This week I’m headed to O’Reilly’s Strata conference in San Jose, which is all about Big Data and more broadly data in general. To get a feel for what’s going to happen there and what the big news is, I repeated my analysis from two years ago and dug through all my pre-announcements to look at the overall themes.
As you might expect, this tends to focus on launches and funded startups vs all companies present or the talks. But it does give a reasonable level of clue as to what the take-homes will be for this year’s attendees, and where they might want to dig into the new hotness in more depth.
Without further ado, here’s the themes underlying what 48 companies are announcing this year. Note that the numbers add up to more than 48 because I tagged some announcements that fit into multiple areas.
The top 5 areas of interest are:
- Hadoop itself
- Analytics and BI
- NoSQL databases outside the Hadoop ecosystem
- Data integration
- Big Data packaging
I highlighted six areas worth noting in red because of a few reasons:
- The contrast with two years ago;
- They’re a major problem for data users; or
- They’re new, emerging technologies, like Spark.
Two years ago, I received 41 notices rather than 48 so there’s been a slight increase in launches at the show. The primary focuses back then were analytics, databases, and packaging. What’s changed?
The rise of BI (business intelligence)
This year I split analytics into two sections (analytics and the new one, BI), aimed at advanced technical users and business users, respectively. Products and companies that appealed to both were tagged with both rather than artificially segmenting them into one or the other. Together, Analytics/BI was easily the dominant sector with 31% of the overall volume targeting it.
This says a lot about the maturity of the Big Data ecosystem. As it matures, you expect increasingly higher-level applications rather than delivery of raw, low-level building blocks. Analytics tools are about as low-level as shipped apps get, with BI being one level higher because it tends to require more intelligence in the app than in the end user. Farther down the road, look for applications that merely incorporate Big Data rather than being all about analyzing a dataset. Most of them today are heavily customized, but this will change.
To draw an analogy to houses, Hadoop is a bag of ready-mix concrete and some trees. Analytics is cinder blocks, boards, and hand tools; BI is power tools. Horizontal business apps and libraries that are composed into business apps are the contractors building your house. Vertical-specific apps are what the general contractor builds for you, and at scale are built on a common template. As you move up the stack, you lose a little flexibility but you’re able to build upon more and more existing work and expertise.
Packaging is no longer the key blocker
In 2013, the major unappreciated theme was packaging Big Data so it was consumable by end users. That no longer seems to be the case, with packaging dropping down from 2nd to 6th place in the list. This implies that Hadoop has become much easier to get up and running than it was in 2013, which is a key blocker to adoption.

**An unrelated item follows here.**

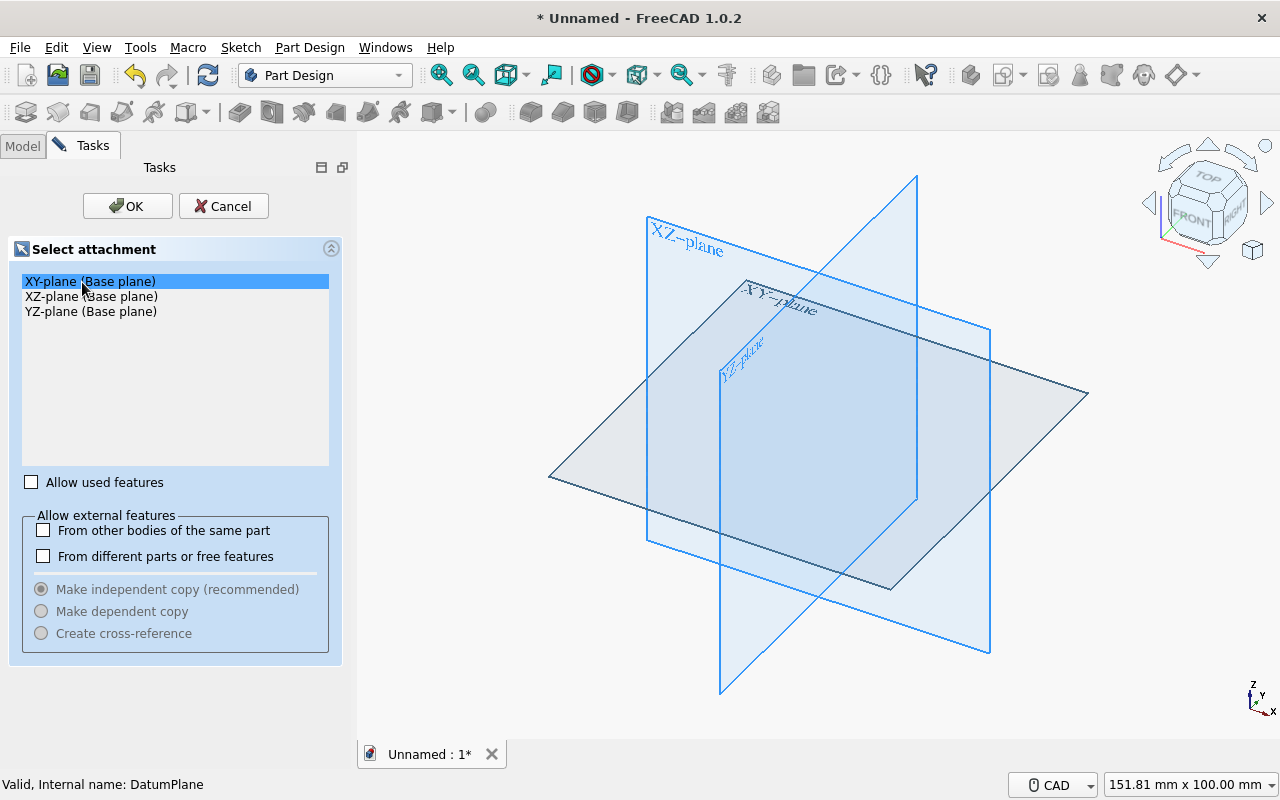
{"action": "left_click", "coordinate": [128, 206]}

Data cleaning remains underappreciated
Only two companies are pushing products that are primarily about data cleaning, which is generally understood to consume 80%–90% of a data scientist’s time. This to me suggests that either it’s a solved problem (unlikely, given the time expenditure), a problem that’s incredibly difficult to solve, or a problem for which the solution is inexplicably difficult to sell.
What happened to NewSQL?
Companies with new, much faster approaches to traditional RDBMS were all the rage a couple of years ago, but this time around they’ve nearly vanished from the public eye. I’ll be looking to see what their presence is like at the conference, but it seems they don’t have much new to announce at this point.
Emerging tech still emerging (Spark, streaming, in-memory)
Much to my surprise, Spark only showed up 3 times. I would’ve expected at least double the presence of Spark in the announcements as I got. Along with streaming as a whole and in-memory databases, this group formed what I’d call the “emerging tech” category. Although that’s said with a grain of salt, as the technologies themselves have been around for years if not decades, and even a newer streaming option like Storm is now 3.5 years old.
I expect every piece of this area to take off over the next couple of years commercially, as interest within the RedMonk community in these technologies has grown dramatically over the past couple of years. Particularly with the advent of the Internet of Things, streaming technology becomes vital to coping with the data in a timely manner.
Interestingly, in-memory tech has held nearly static, with the exception of Spark. Perhaps that’ll be where the revolution comes from.
(Tangentially, we’re running an IoT developer conf in a few weeks called ThingMonk, in Denver — our first time in the US. Check it out if you want to dig into this!)
To sum up, I expect the growing appeal to the business user via BI and analytics to be among the key takeaways of this Strata conference. Over the next year, especially in the more technologically progressive CA edition, I’ll be looking for increasing uptake of the Berkeley data analytics stack (Spark & friends), streaming tech, and in-memory data processing.
Update [2015/02/17]: Added house analogy.